CEO Michael Farrell says the biggest question for Annaly shareholders has always been whether the federal government would stand behind Fannie and Freddie's mortgage guarantees if the duo ran into trouble. "And now we know the answer," says Farrell, referring to the government's bailout of Fannie and Freddie in September.
If this story sounds familiar, it may be because Annaly is the sole holdover stock pick from our 2008 Investor's Guide. What we said a year ago was that "there's probably no company better positioned to profit from the ongoing mortgage crisis than this one." And indeed, Annaly delivered a cool 84% earnings growth for the first three quarters of 2008.
Annaly makes its money off the net interest margin, or spread between the rate it pays on short-term loans and the yield it earns off its mortgage-backed securities. Federal Reserve rate cuts trimmed Annaly's short-term borrowing costs, while the selloff in the mortgage market raised the yield of mortgage-backed securities it bought. The end result was a massive improvement in Annaly's net interest margin, from 0.67% in September 2007 to 2.08% today.

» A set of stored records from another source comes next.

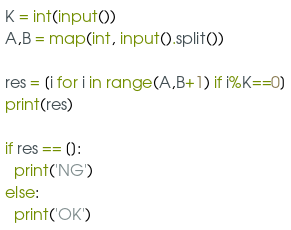Convert code to text. <code><loc_0><loc_0><loc_500><loc_500><_Python_>K = int(input())
A,B = map(int, input().split())

res = [i for i in range(A,B+1) if i%K==0]
print(res)

if res == []:
  print('NG')
else:
  print('OK')</code> 
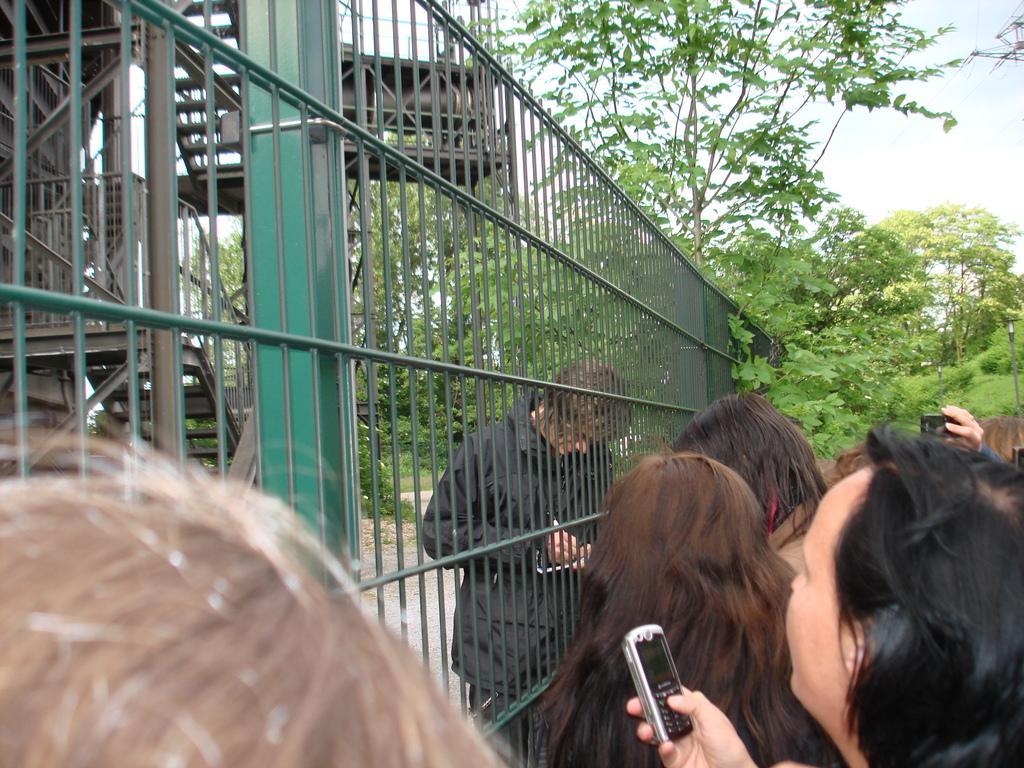Please provide a concise description of this image. In this image, In the bottom there are some people standing and in the left side there is a fence which is in green color, In the background there are some plants and trees which are in green color.

Better still, the margin improvement allowed Annaly to ratchet down its risk: Its leverage ratio (the ratio of borrowed money to shareholder equity) now stands at seven to one, down from ten to one a year ago. That's modest by Wall Street standards. Goldman Sachs's leverage ratio is currently 17 to one, for example, and Goldman takes risks with its money that Annaly wouldn't dream of taking.